Langit Bekasi mendung seketika.
Semua berduka. Seorang seniman, sastrawan, penggiat teater, penyair, dan
pemerhati kebudayaan telah berpulang, Senin (31/10) siang. Suara tangis
pecah di setiap ruang dan sudut kota. Pria berperawakan tinggi-besar,
berambut gondrong, berkulit agak gelap, telah melebur pada kesejatian
yang sesungguhnya. Jejaknya meninggalkan bercak kebahagiaan dan
kegembiraan bagi setiap orang terdekatnya. Sementara kesedihan yang
mengantarkan pada ruang tidur terakhir kalinya, adalah pengantar
kecintaan yang mendalam.
Kepekaan
sosial yang terpatri dalam jiwanya, selaras dengan senyum renyah yang
senantiasa mengembang. Ia seorang pecinta, yang selalu resah atas
kecarut-marutan kondisi bekasi, bahkan bangsa dan negaranya. Karya dan
prestasinya ditumpahkan dalam keindahan syair-syair puisi, yang kemudian
diaransemen menjadi sebuah lagu; sebagai simbol pergerakan, perjuangan,
dan ketulusannya pada sesama. Suara serak-serak basah, menjadi ciri
dari kepribadiannya yang bersahaja.
Karena
sikapnya yang lentur, ia mampu merangkul semua kalangan; mulai dari
pengemis, anak jalanan, preman pasar, penggiat anti-korupsi, teater dan
kebudayaan, akademisi, sampai pemerintahan. Namanya melambung tinggi
berkat kesahajaan diri yang dipersembahkan tanpa tedeng aling-aling.

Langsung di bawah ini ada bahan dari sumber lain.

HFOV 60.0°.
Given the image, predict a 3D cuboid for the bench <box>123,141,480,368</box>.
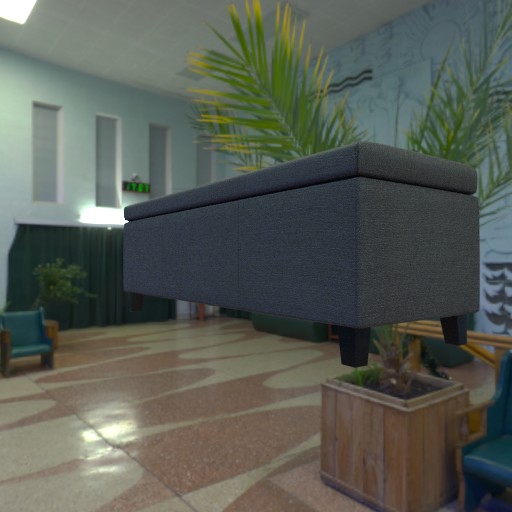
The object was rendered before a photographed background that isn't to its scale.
[{"bbox_3d":[0.000,0.000,1.442,0.446,0.438,1.269,0,-1,-36],"label":"bench"}]
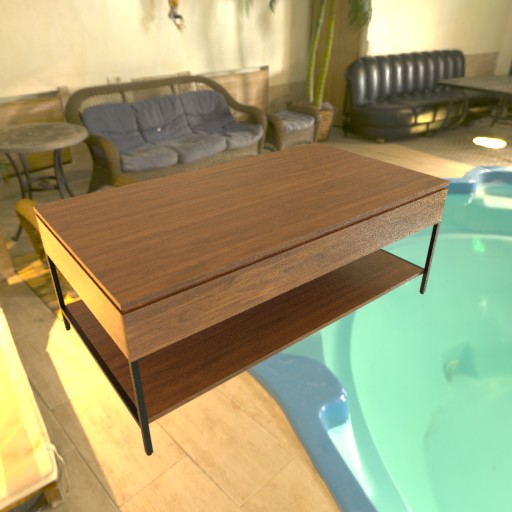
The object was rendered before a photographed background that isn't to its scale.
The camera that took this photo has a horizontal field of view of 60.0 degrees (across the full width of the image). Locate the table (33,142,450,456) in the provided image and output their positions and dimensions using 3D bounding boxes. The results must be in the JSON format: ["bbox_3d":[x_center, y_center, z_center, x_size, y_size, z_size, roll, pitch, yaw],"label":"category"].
[{"bbox_3d":[0.000,0.000,1.366,1.057,0.414,0.574,-21,35,-33],"label":"table"}]
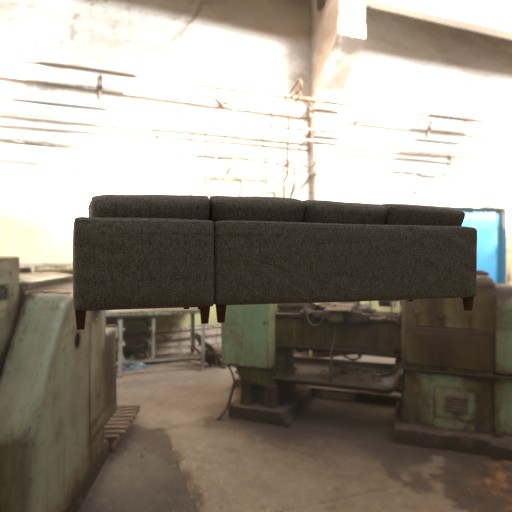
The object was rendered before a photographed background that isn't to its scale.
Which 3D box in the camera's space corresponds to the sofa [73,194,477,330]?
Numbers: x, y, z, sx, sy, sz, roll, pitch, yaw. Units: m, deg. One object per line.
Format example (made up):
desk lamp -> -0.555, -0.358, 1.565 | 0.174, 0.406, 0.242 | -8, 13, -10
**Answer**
sofa -> 0.000, 0.000, 4.555 | 3.302, 0.947, 2.593 | 0, 0, -18
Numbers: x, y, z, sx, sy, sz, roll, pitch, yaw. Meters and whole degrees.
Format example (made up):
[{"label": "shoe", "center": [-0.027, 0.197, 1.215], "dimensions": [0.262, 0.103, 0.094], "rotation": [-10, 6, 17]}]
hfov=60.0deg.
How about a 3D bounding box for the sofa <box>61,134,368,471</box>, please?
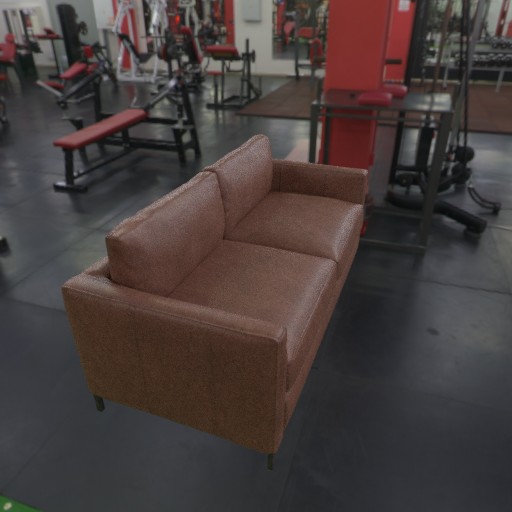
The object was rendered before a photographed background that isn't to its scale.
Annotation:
[{"label": "sofa", "center": [0.000, 0.000, 2.319], "dimensions": [0.899, 0.883, 1.797], "rotation": [11, 31, 18]}]
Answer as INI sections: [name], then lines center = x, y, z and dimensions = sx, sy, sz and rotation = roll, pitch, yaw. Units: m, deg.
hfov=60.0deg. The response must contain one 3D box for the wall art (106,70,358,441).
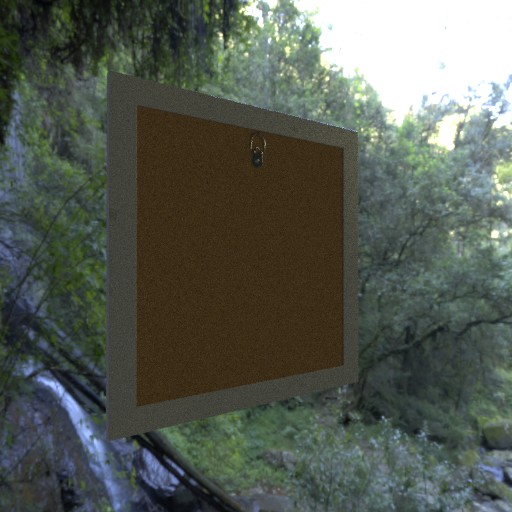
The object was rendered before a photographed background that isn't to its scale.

Baginya, sastra adalah jalan sunyi yang membuka gerbang perubahan dan
peradaban. Hanya orang-orang tertentu yang mampu konsisten berdiri dan
berjalan di labirin kesunyian.
Dari
sunyi, dirinya bisa melihat keramaian. Memberi angin segar pada
kegaduhan yang selama ini tercipta karena keserakahan dan kedurjanaan
duniawi. Putra Batak yang satu ini, selalu luluh hatinya saat melihat
beragam lakon penindasan dan penganiayaan yang menimpa rakyat kecil. Ia
selalu terpanggil untuk terus menyuarakan kebenaran. Membantu
meringankan beban orang lain, baginya, merupakan cara untuk mencintai
kekasih di keabadian.
Malam itu,
masih kuingat selalu, kita berasyik-masyuk bercengkrama tentang cinta;
cinta seorang penyair pada kekasih, serta kerinduan yang mendalam untuk
berpasrah pada ketetapan hukum alam. Kini, dirimu sudah menjadi satu.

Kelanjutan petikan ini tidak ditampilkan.